Comparison with HSNW: without reranking, 4-bit PQ is able to do up to 1M QPS. With re-ranking, it is at 280k QPS with 1-recall@1 = 0.9, which it 2x faster than HNSW's 140k QPS. It also uses 2.7x less memory because the graph structure does not need to be stored.

Best indexes for 10M-100M vectors: the experiment are broken down per code size. They show 4-bit PQ fast-scan is useful as a coarse quantizer and for almost all operating points except the most accurate ones.

From about 64 bytes per vector, it can be combined with reranking. For example, to fit in 64 bytes per vector, 8 bytes can be allocated to the fast-scan PQ and 56 bytes to the refinement index (a larger PQ).

Additive quantization implementation

The additive quantizer (implemented by KinglittleQ) works similarly to PQ at search time. The difference is that for the L2 version of the additive quantization, the norm must also be included in the sum.

Implementation details

The objective is to efficiently compute the distance between query q and database vector b:

  distance[q, b] = sum( LUT[q, list_no, sq, code[b, sq]], sq=0:M) + bias[q, list_no]

The computational kernel handles 32 database vectors at a time. The codes are 4 bit, so LUT[q, sq, :] is of size 16. The bias term is used for the IVF variants of the index, it represents the correction term due to the residual quantization of the inverted lists (that why it depends on the inverted list number list_no).

The implementation is geared towards AVX but ARM Neon is also supported (thanks to @vorj, @n-miyamoto-fixstars, @LWisteria, and @matsui528). It uses a small SIMD abstraction library, simdlib.h

Code layout

For bbs = 32 and a PQ of M sub-quantizers, the codes are laid out in blocks of 32 bytes as follows

address (bytes)	sub-quantizer
0	0 and 1
32	2 and 3
...	...
(M/2 - 1) * 32	M-2 and M-1

Each 32-byte block represents the codes for 2 sub-quantizers for 32 vectors. This table gives where the quantization indexes are located for the 32 vectors, for sub-quantizers m and m+1:

A didactic Python implementation: simulate_kernels_PQ4.ipynb (the relevant section is loop3)

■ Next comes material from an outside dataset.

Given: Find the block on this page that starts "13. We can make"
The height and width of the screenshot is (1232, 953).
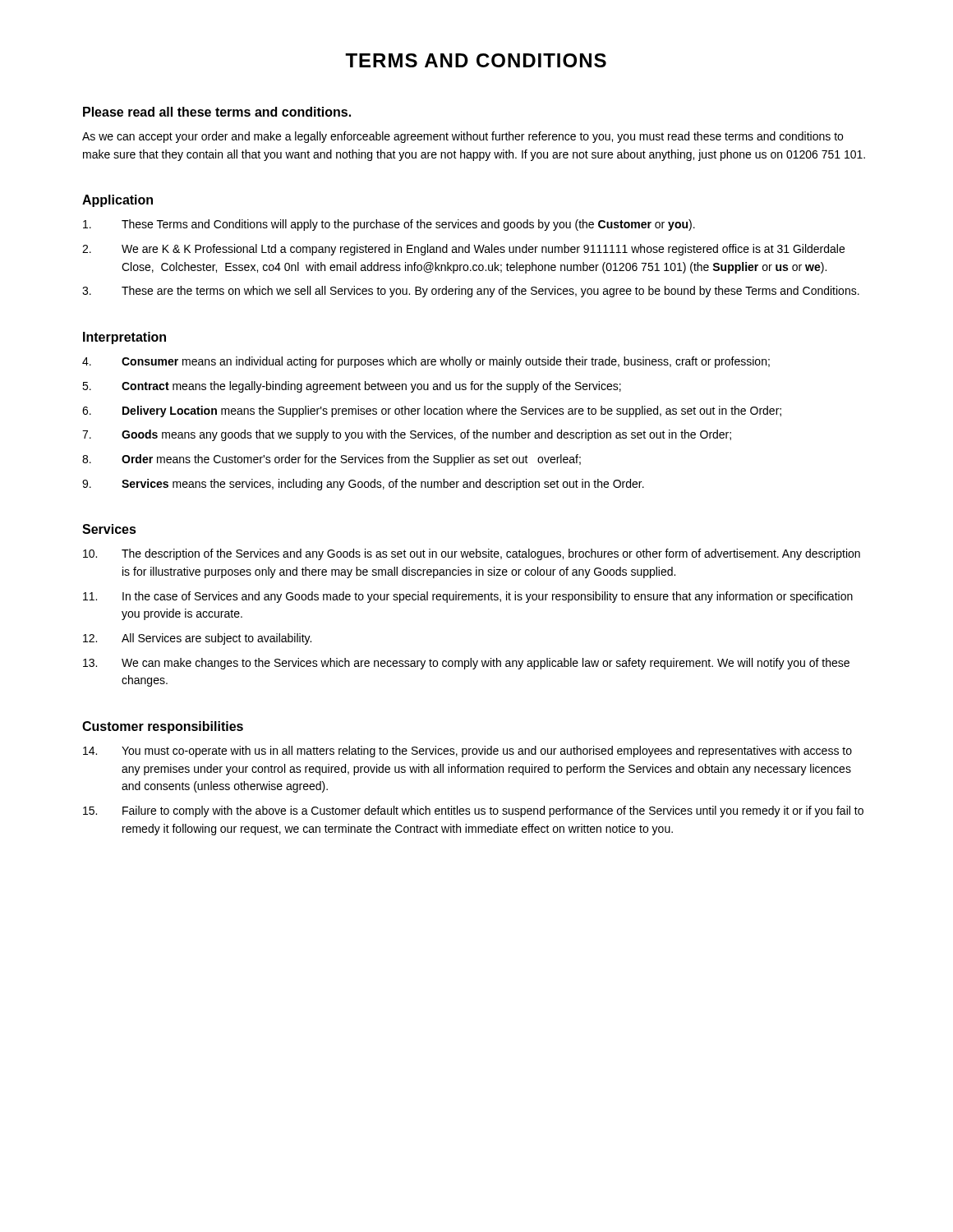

The C++ implementation pq4_fast_scan.h.

Look-up table quantization

In the non-fast-scan implementation, the accumulation is performed in float32, which is relatively simple to implement. For the SIMD implementation, the distances are manipulated with integers:

the LUT entries are 8 bit unsigned
the accumulator and distance is 16 bit unsigned
the bias is 16-bit unsigned

The rounding to integer is performed after the LUTs are computed, and the computation is performed in the integer domain (here we ignore the q for simplicity):

  A * (distance[b] - B) ≈ distance_i[b] = sum( LUT_i[list_no, sq, code[b, sq]], sq=0:M) + bias_i[list_no]

The normalization terms A and B are chosen so that (1) accuracy loss is minimized, ie. A is as large as possible, (2) the 16-bit distances does not overflow and (3) the 8-bit look-up tables do not overflow either.

A Python version of the code that finds the optimal A and B is here: LUT_quantization.ipynb

Look-up table layout

The look-up table for a given query and quantizers m and m+1 is:

With proper masking and shifting, two SIMD lookups are enough to fetch the 2*32 table entries required to compute the distances for 32 vectors and 2 sub-quantizers. The accumulation is done in 16 bits so 4 non-saturating additions are used.

See the code here: faiss/impl/pq4_fast_scan_search_qbs.cpp

Note: this way of computing is heavily geared towards the constraints of AVX, especially to avoid doing cross-lane operations. In fact, the accumulator is 2x too large because it accumulates even and odd sub-quantizers separately.

handling multiple queries

To increase arithmetic intensity, the code handles multiple queries at a time. This means that a single scan though the codes of a list can compute several distance tables.